Entries provided.
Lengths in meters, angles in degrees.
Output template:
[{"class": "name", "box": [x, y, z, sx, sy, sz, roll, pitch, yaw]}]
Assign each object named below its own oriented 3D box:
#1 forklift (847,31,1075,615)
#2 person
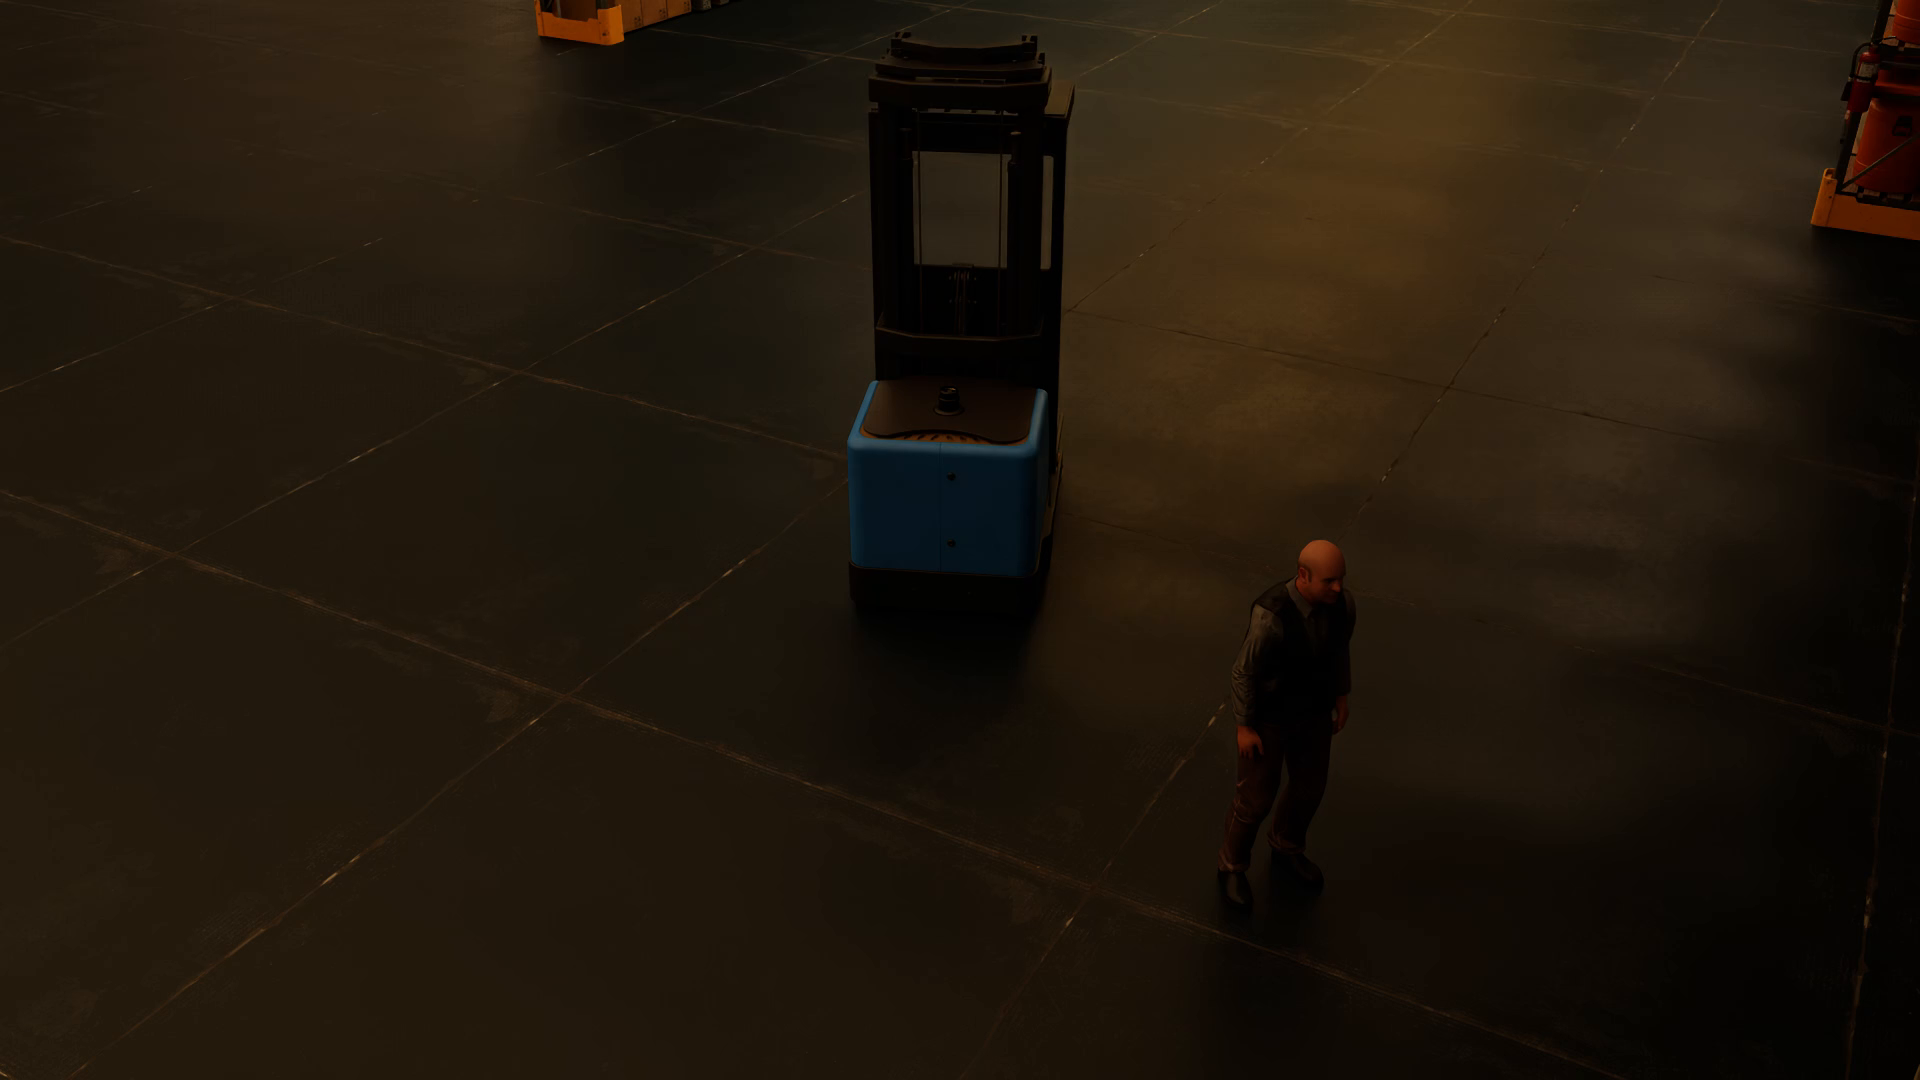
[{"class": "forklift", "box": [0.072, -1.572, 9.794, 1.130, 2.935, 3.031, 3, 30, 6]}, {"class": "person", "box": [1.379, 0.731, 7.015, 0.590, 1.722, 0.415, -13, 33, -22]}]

...

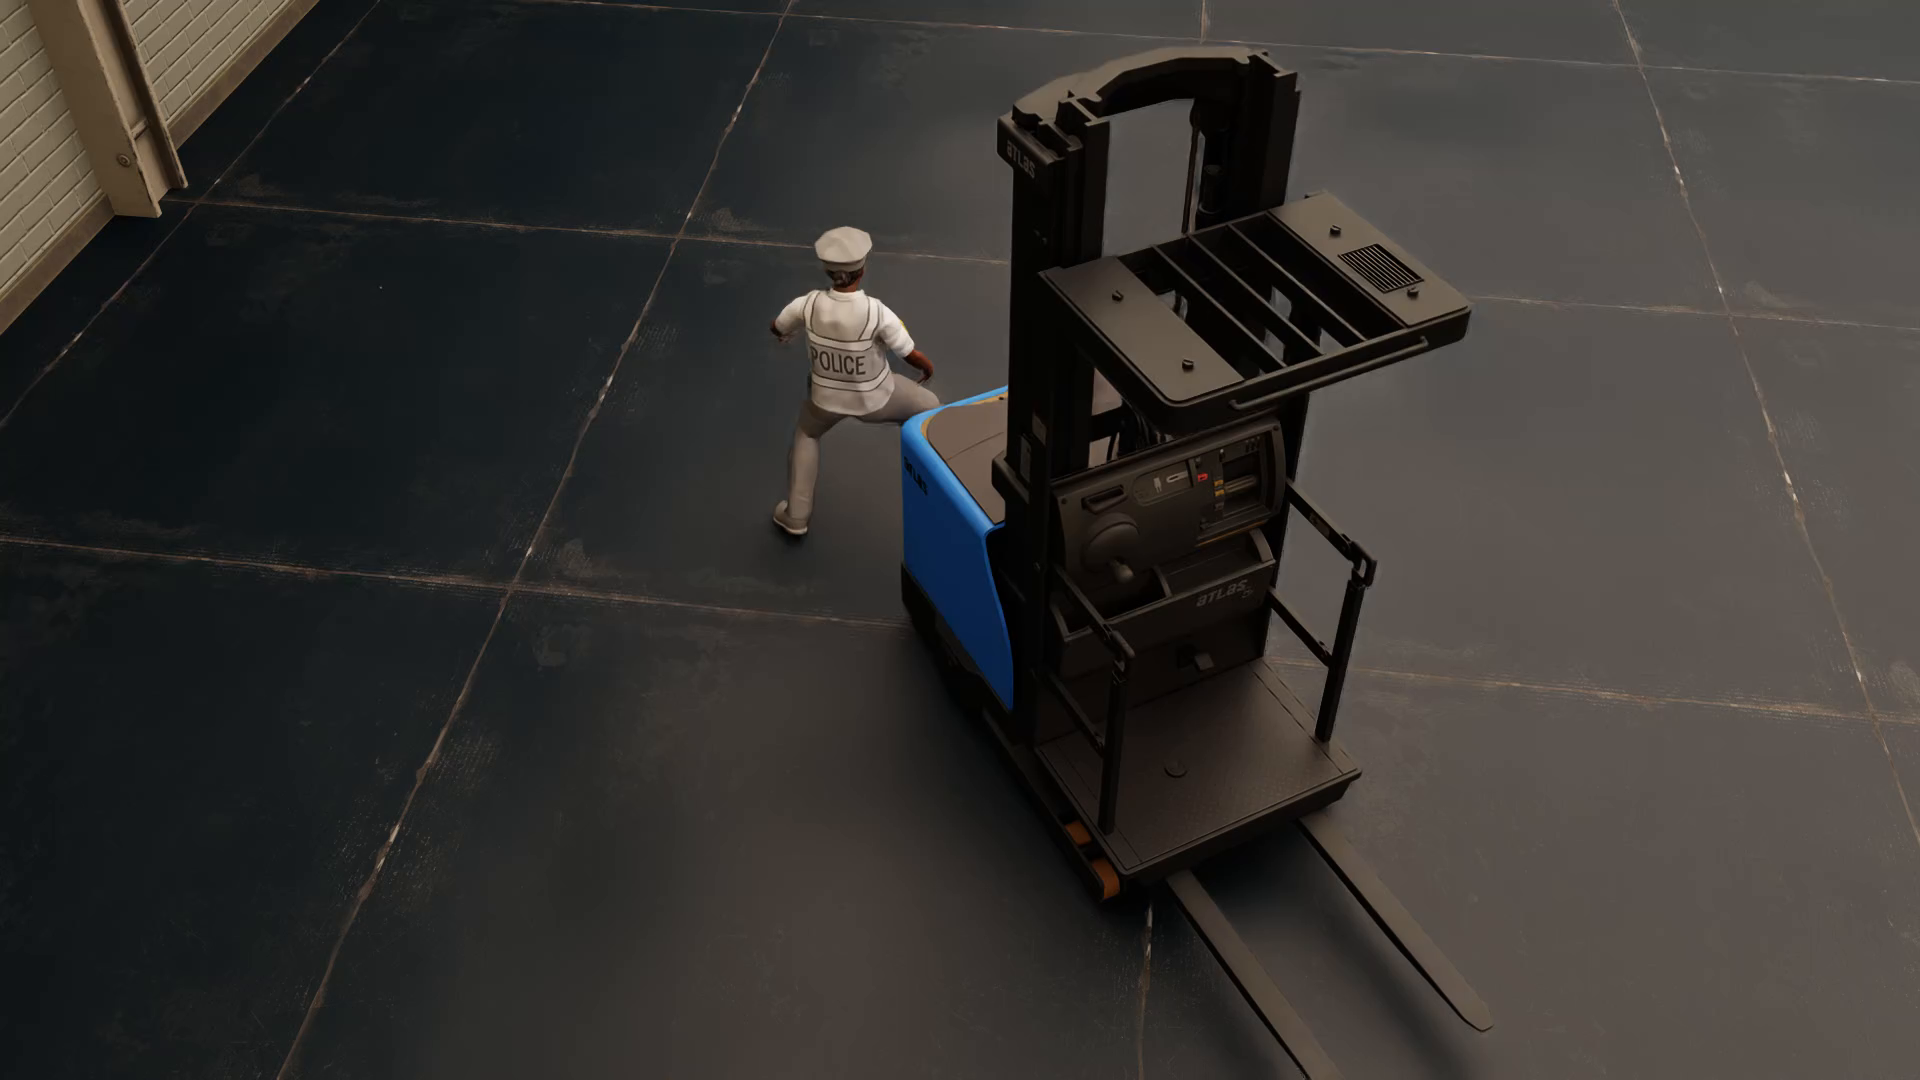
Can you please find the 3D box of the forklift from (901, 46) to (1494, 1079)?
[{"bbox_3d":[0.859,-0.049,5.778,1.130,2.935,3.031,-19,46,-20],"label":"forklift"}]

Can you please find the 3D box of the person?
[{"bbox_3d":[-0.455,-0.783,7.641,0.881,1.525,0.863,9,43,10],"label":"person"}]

--

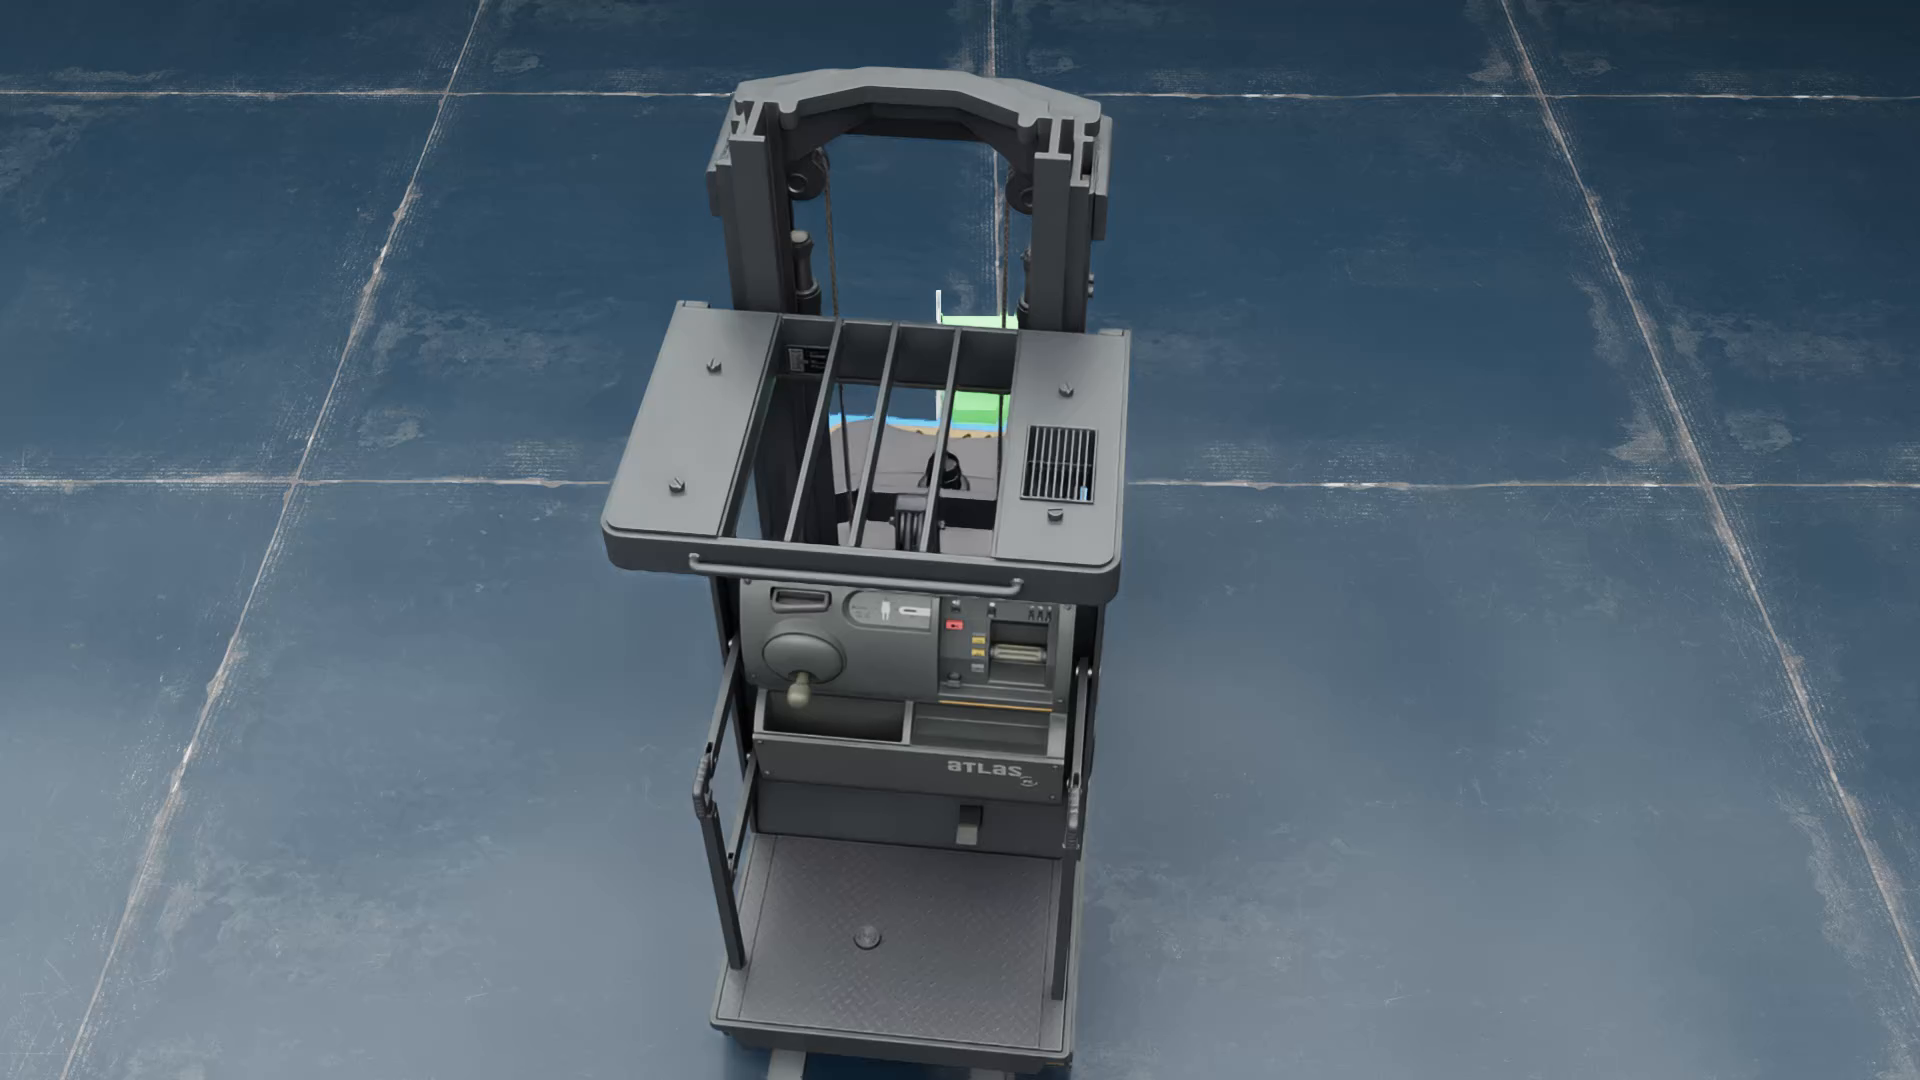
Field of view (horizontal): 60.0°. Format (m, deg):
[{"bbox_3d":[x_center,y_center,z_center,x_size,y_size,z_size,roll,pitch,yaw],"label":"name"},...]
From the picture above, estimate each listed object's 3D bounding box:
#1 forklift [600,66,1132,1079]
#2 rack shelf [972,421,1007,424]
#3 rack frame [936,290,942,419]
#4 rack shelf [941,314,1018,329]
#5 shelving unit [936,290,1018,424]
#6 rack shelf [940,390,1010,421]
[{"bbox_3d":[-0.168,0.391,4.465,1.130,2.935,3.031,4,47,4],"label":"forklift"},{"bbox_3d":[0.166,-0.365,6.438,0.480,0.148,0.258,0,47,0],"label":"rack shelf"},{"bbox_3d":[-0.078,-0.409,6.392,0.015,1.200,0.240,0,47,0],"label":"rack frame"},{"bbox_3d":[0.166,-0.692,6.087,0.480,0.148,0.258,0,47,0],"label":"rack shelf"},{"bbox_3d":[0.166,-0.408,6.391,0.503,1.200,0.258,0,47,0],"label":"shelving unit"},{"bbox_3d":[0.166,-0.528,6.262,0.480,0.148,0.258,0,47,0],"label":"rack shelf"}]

Assignment. Tally the lines of the entries that include the word "pitch" and give only the total.

Written solution. 2